The tech giant categorized the pervasiveness of such hacks, typically driven by malware, as a barrier to widespread adoption of cryptocurrencies. More concerning, still, in Microsoft’s estimation: Hackers are becoming quite adept at their brands of trickery.

“We are also seeing more complex attacks wherein the threat actor shows great knowledge and preparation, taking steps to gain their target’s trust before deploying payloads,” Microsoft wrote in a blog Tuesday.

Microsoft detailed its own investigation of a would-be bad actor, “DEV-0139,” which the company said infiltrated Telegram chats between an unidentified crypto exchanges and their “VIP” clients, as well as the company’s other counterparties. The company said the hacker, or hacking collective, employed Excel files in bids to acquire valuable and private information. 

While pretending to represent a separate crypto company — with apparently passable knowledge of the operations and communications of both firms — Microsoft said they invited the target to a different chat, where DEV-0139 attempted solicited feedback on the fee structure used by the crypto exchanges.

Upon gaining the trust of the target, the malicious actor sent an Excel file called “OKX Binance & Huobi VIP fee comparison.xls” in an alleged bid to project credibility.

Opening the Excel file itself triggered a series of mishaps. A set of automatic actions contained in the file were used to obtain the user’s data, executed in invisible mode. This malicious “backdoor” allowed the bad actor to remotely access the infected system. 

Microsoft also found another older file using the same technique, suggesting the incident wasn’t isolated — and that the actor may be executing similar campaigns with other targets. 

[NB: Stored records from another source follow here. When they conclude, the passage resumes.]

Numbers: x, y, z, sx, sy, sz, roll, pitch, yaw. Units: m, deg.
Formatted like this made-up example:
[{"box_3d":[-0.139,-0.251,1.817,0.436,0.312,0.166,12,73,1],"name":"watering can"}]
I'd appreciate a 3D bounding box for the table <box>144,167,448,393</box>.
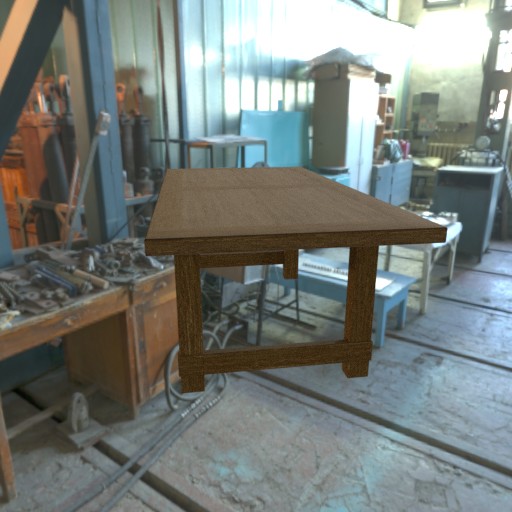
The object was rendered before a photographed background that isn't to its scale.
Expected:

It isn’t unusual for crypto scammers to use bots on Telegram to hoodwink users and lead them to malicious links. A 2021 report by digital threat detection firm Q6 Cyber found that bot services, which can be purchased for around $300, can also be used to target investors.

2022 has already gone down as a year full of high-profile thefts in the sector, including $600 million from FTX, $182 million from Beanstalk and $325 million from Wormhole. Interest in self-custody of assets has accordingly increased dramatically — boosted even more by user concerns of keeping crypto assets on centralized exchanges in light of FTX’s implosion.